On profite de notre dernière journée ici pour faire un tour dans la campagne. On a repéré un itinéraire le long de canaux d’irrigation qui avait l’air sympa. Grâce à la tablette, on a une carte et notre position gps. C’est bien pratique pour ce genre d’aventure. Nous faisons une belle ballade dans les terres, très tranquille. Les enfants avaient bien sûr pris leurs nouveaux jeux pendant la balade.
La police au travail..
Le spectacle des temples était tellement beau qu’on y retourne manger le soir avec nos amis les moustiques (vive le répulsif, bien efficace).

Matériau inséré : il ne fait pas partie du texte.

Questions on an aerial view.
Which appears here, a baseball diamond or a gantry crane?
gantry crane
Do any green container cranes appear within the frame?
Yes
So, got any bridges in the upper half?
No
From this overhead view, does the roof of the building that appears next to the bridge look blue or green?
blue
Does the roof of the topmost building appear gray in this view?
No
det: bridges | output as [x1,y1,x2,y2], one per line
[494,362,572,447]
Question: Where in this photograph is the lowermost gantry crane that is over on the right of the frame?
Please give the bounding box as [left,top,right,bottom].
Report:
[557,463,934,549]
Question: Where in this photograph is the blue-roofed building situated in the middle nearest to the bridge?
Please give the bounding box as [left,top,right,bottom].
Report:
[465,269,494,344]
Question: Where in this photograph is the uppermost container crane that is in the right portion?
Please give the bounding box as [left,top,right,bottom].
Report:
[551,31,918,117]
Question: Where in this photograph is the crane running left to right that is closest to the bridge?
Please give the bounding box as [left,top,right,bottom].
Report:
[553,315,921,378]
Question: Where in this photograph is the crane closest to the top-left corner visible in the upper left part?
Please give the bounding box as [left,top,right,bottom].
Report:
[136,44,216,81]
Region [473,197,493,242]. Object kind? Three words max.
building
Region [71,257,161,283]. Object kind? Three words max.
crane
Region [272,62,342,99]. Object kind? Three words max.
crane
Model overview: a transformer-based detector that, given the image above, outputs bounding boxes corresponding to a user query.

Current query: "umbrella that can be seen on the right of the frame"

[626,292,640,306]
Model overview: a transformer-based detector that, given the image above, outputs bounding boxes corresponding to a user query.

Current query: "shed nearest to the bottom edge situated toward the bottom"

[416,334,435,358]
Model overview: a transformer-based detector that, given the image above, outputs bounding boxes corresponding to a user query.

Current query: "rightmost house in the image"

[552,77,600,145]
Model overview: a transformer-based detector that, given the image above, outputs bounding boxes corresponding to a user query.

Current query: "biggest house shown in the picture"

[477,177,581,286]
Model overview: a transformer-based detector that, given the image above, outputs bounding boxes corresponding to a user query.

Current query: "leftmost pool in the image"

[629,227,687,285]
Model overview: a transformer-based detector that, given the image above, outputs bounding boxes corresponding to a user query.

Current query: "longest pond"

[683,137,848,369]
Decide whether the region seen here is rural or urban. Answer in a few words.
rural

Lundi 26. Après une dernière baignade où Louise apprend à sauter dans l’eau tout seule, nous partons pour chang Mai, dans une guesthouse tenue par des français.
A bientôt
Mardi 20 decembre matin, 8h . Nous voici donc à la gare avec une bonne demi heure d’avance.
Après un rapide coup d’oeil au tableau blanc d’écolier, on voit que 2 trains sont en retard. Manque de bol, c’est le notre avec 1H…
Le train express passe et on est content de ne pas avoir pris celui là. Ils ont tous un pull à l’intérieur tellement la climatisation est forte, alors qu’il fait plus de 30 dehors…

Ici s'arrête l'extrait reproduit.